While the majority of the market would like to wipe the secondary mortgage market slate clean and start fresh in designing a new one, experts at the Mortgage Bankers Association Secondary Conference on Tuesday agreed that too much damage has been done to begin from scratch.

With various daily changes on Capitol Hill, the eventual process of rotating in a new acting director for the Federal Housing Finance Agency and uncertainty about the future of Fannie Mae and Freddie Mac, panelists agreed that President Obama and his administration will not make any significant changes to the market over the next few years.

“We’ve got 22 plans that have been offered and most have been the same short list of failures and Congress isn’t ready to act,” said Joshua Rosner, managing director of Graham Fisher & Co.

He added, “In the meantime, we’ll see little changes and a lot of talk, but not a lot of action.”

On a similar note, Philip Swagel, professor in international economic policy at the University of Maryland agreed that over the next few years, Congress will spend the majority of time discussing solutions, but little action will take place. 

However, there’s more agreement on the future of the secondary market then meets the eye.

For instance, Swagel believes the future of the housing finance system will have competing securitizers and insurers; explicit pricing of government guarantee behind first-loss private capital; guarantee of mortgage-backed securities, not firms; no portfolios and a split of securitization from guaranty by MBS insurers.

Until the market gets there, the biggest challenge is properly dealing with the credit risk matrix and making sure the right access to liquidity exists. 

“Are we changing very much or are we just rearranging the chairs on the deck of the Titanic,” Rosner questioned.
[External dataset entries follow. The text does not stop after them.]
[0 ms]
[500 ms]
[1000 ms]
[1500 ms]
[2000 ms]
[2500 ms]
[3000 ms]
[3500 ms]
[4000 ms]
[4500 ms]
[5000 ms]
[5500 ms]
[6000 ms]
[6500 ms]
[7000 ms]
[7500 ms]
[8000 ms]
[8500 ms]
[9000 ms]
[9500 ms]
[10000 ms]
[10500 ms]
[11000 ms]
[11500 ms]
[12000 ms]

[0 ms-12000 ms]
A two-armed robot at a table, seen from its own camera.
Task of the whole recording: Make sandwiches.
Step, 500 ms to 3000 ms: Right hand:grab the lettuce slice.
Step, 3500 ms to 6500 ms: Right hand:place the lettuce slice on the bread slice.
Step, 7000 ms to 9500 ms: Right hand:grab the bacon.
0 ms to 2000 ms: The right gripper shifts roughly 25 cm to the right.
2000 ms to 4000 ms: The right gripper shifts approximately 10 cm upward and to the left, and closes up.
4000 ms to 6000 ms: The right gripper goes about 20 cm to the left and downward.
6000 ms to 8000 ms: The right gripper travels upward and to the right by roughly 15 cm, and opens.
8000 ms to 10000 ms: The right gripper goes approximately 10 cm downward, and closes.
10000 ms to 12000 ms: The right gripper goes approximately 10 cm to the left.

Another issue at hand is the nomination of Congressman Mel Watt, R-N.C as Obama’s pick to lead the FHFA.

Will the current agency policies stay in place such as rationalization of guarantee fees, bringing private capital back in the market and unifying the securitization platform? 

Swagel explained that while President Obama and his administration are not hesitant to criticize DeMarco, they are not critical of the FHFA’s strategic plan.
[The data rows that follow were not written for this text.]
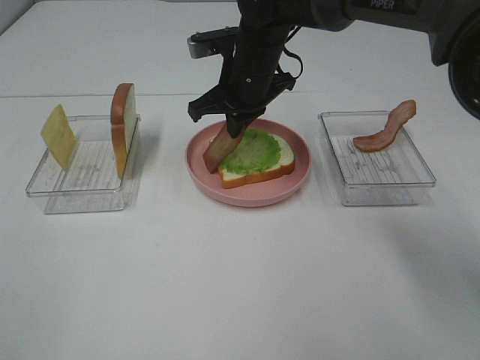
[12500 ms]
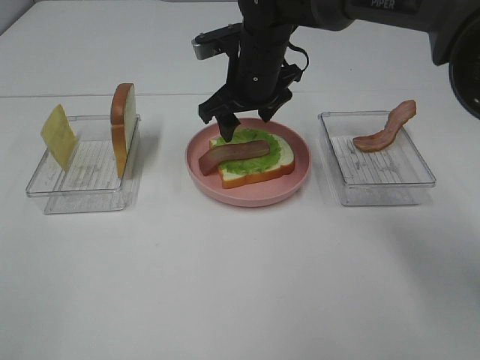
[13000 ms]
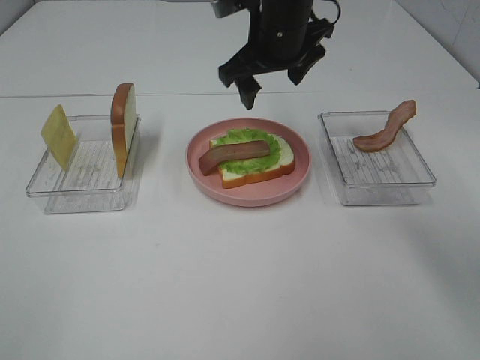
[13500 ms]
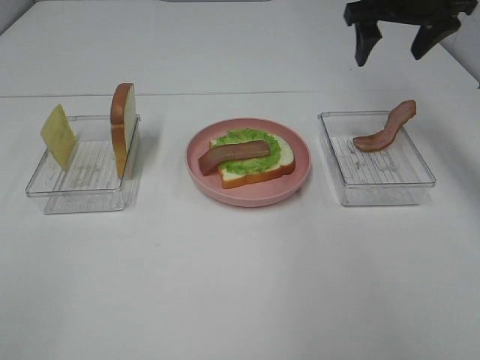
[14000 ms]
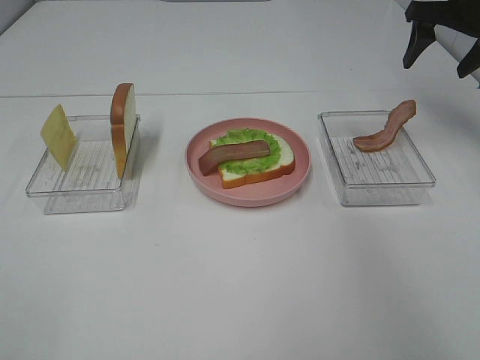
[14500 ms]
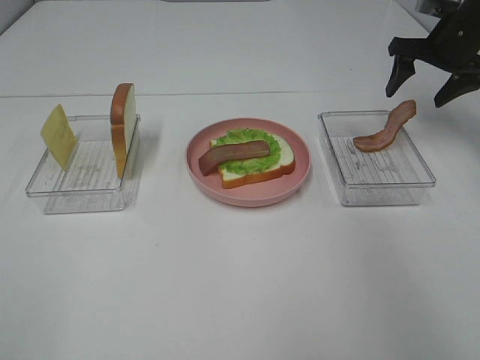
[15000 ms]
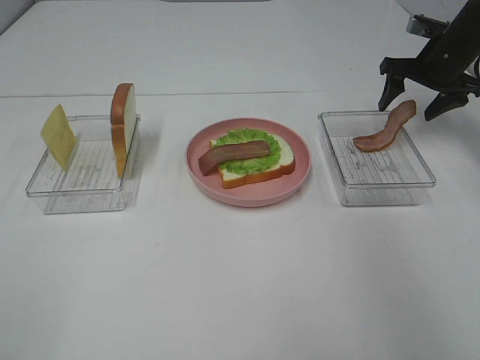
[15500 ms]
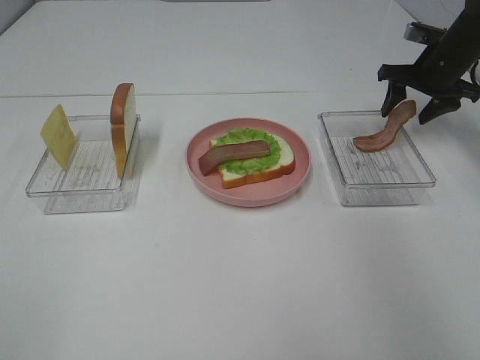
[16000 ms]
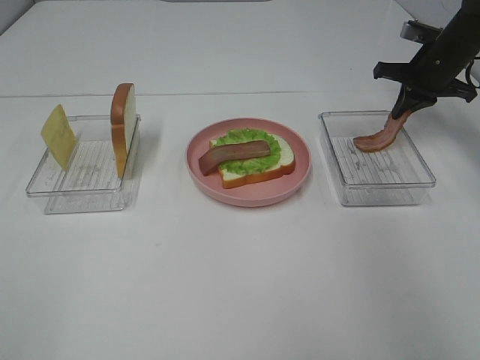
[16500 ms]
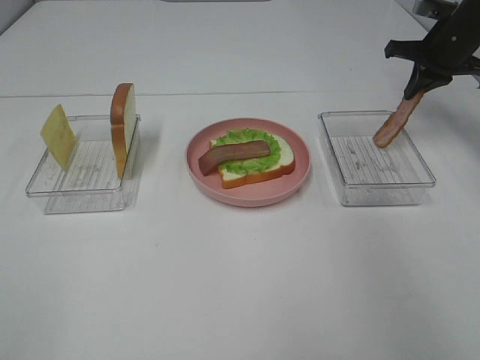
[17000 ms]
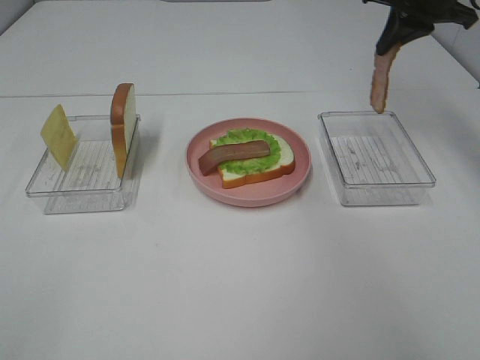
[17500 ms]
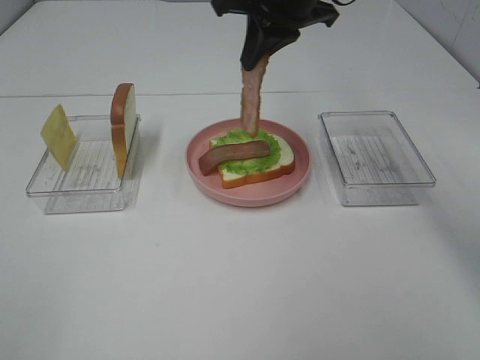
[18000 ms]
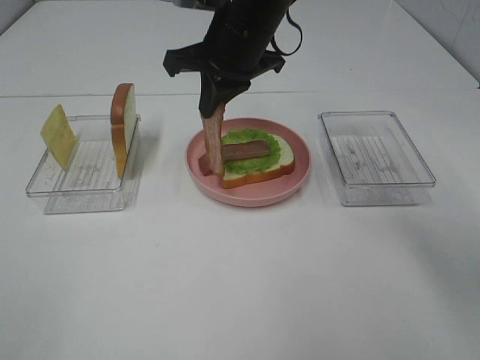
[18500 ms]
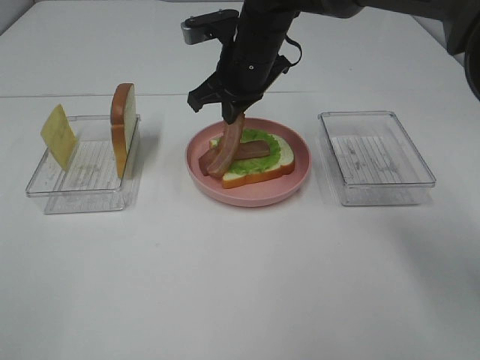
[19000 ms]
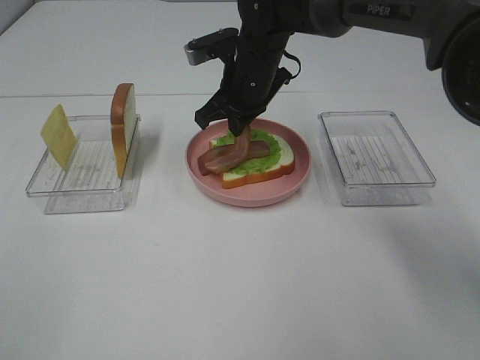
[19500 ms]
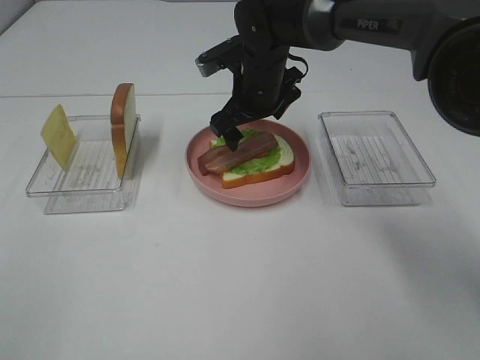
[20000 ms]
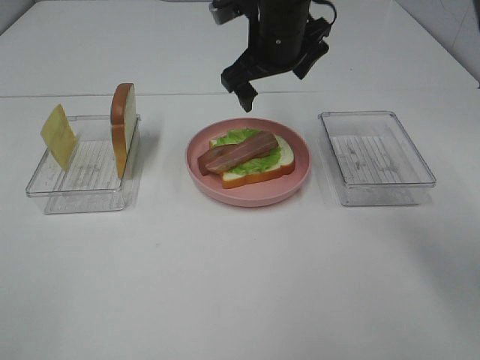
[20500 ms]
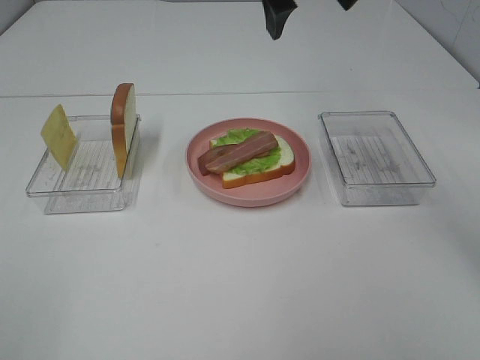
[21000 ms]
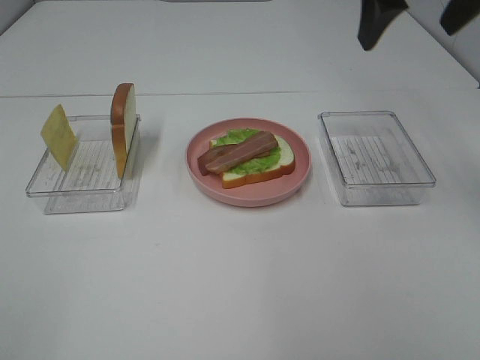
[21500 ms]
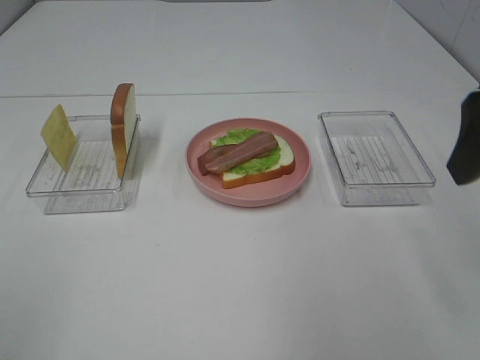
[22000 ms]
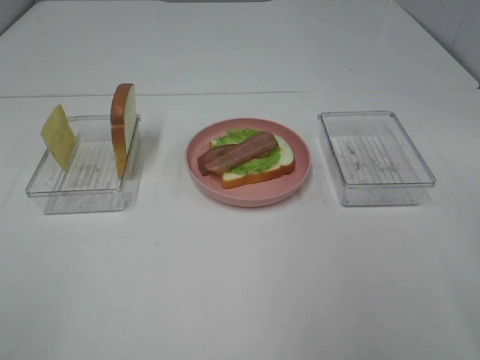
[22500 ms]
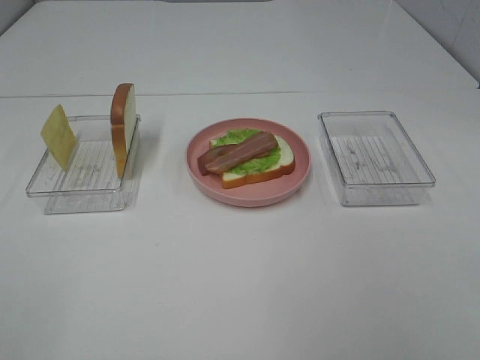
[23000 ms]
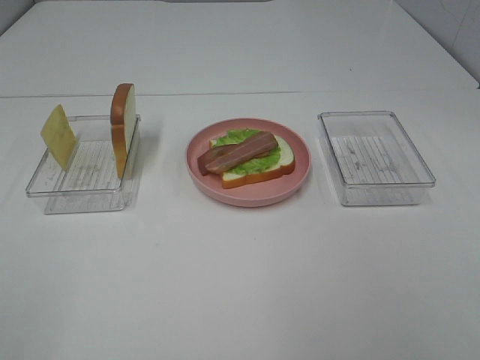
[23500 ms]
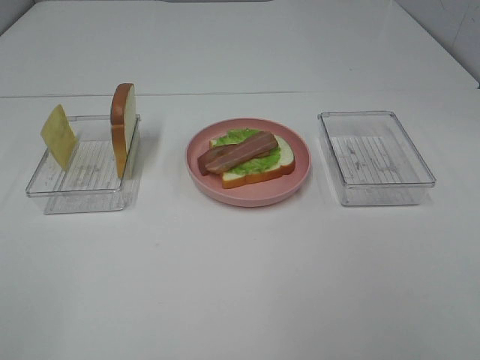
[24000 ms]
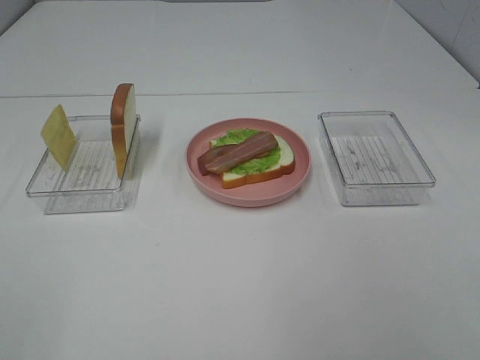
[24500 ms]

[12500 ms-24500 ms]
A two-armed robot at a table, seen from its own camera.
Task of the whole recording: Make sandwiches.
Step, 13500 ms to 17000 ms: Right hand:grab the bacon.
Step, 17500 ms to 20000 ms: Right hand:place bacon on bacon.
12500 ms to 14500 ms: The right gripper is displaced to the right by approximately 30 cm, and opens up.
14500 ms to 16500 ms: The right gripper travels downward by roughly 10 cm, and closes up.
16500 ms to 18500 ms: The right gripper is displaced to the left by roughly 30 cm.
18500 ms to 20500 ms: The right gripper travels downward and back again, about 10 cm each way, and opens up.
20500 ms to 22500 ms: The right gripper goes about 40 cm backward and to the right.

As a result, the professor firmly believes that if Watt is nominated — both panelists see that as unlikely — he will continue with the strategic plan set in place by the acting director.
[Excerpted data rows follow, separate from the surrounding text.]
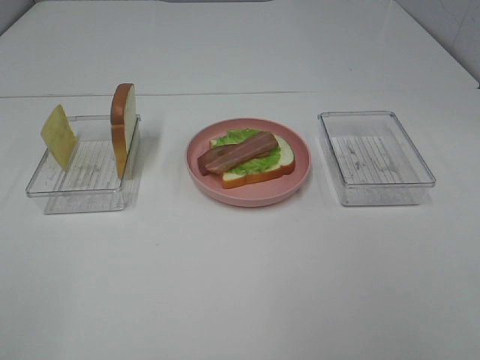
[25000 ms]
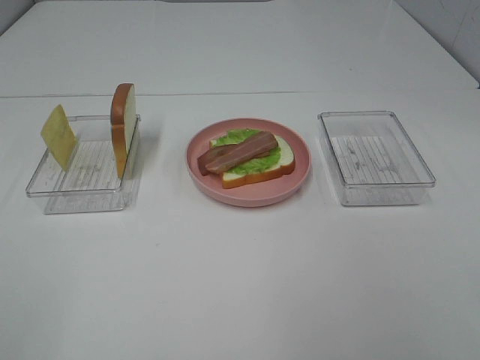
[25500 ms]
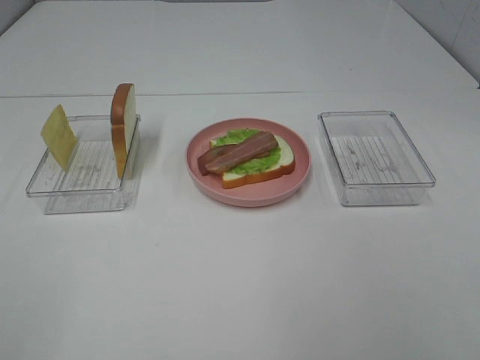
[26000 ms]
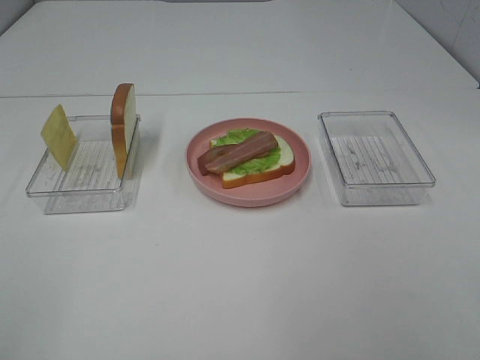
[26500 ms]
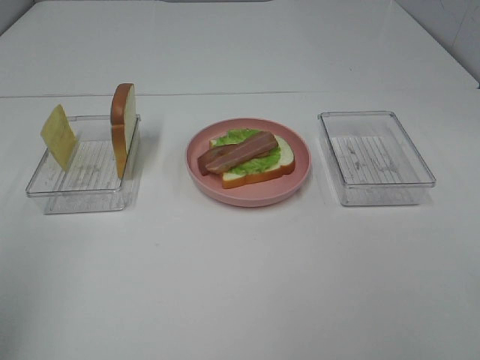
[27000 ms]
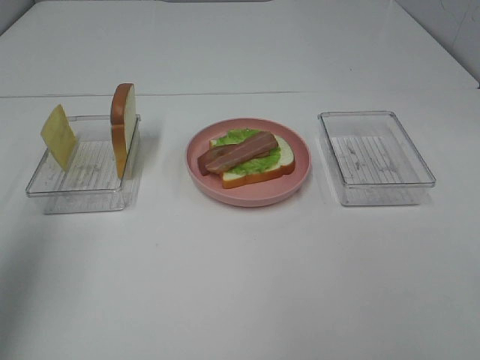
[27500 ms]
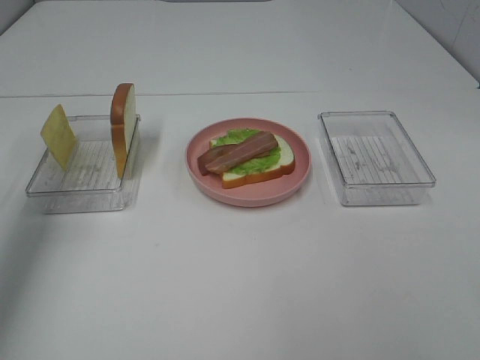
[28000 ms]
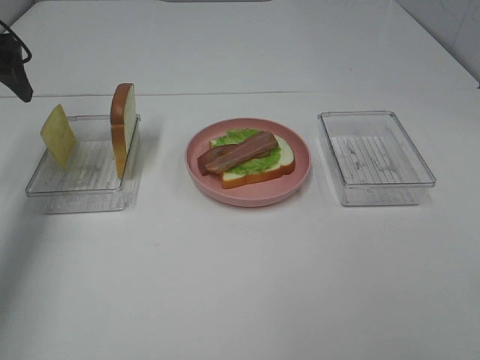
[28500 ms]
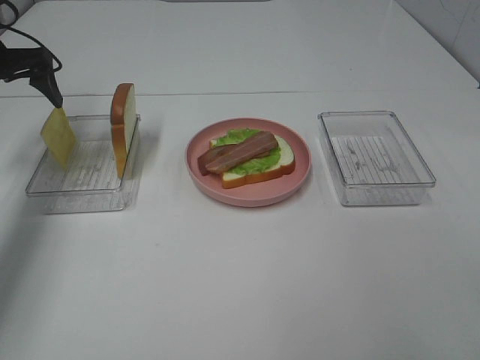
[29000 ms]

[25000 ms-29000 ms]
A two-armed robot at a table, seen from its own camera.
Task of the whole recording: Make sandwiches.
27000 ms to 29000 ms: The left gripper goes about 35 cm forward.

“Another interesting factor to think about is as private capital comes in, g-fees could come down,” Swagel said.

Overall, while the future of the secondary mortgage market continues to sit at a stalemate, both panelists agree that two defining characteristics of the future secondary market need to include private capital and competition.

“That’s when we can declare victory, when there’s a stable system with a lot of competitors,” Swagel concluded.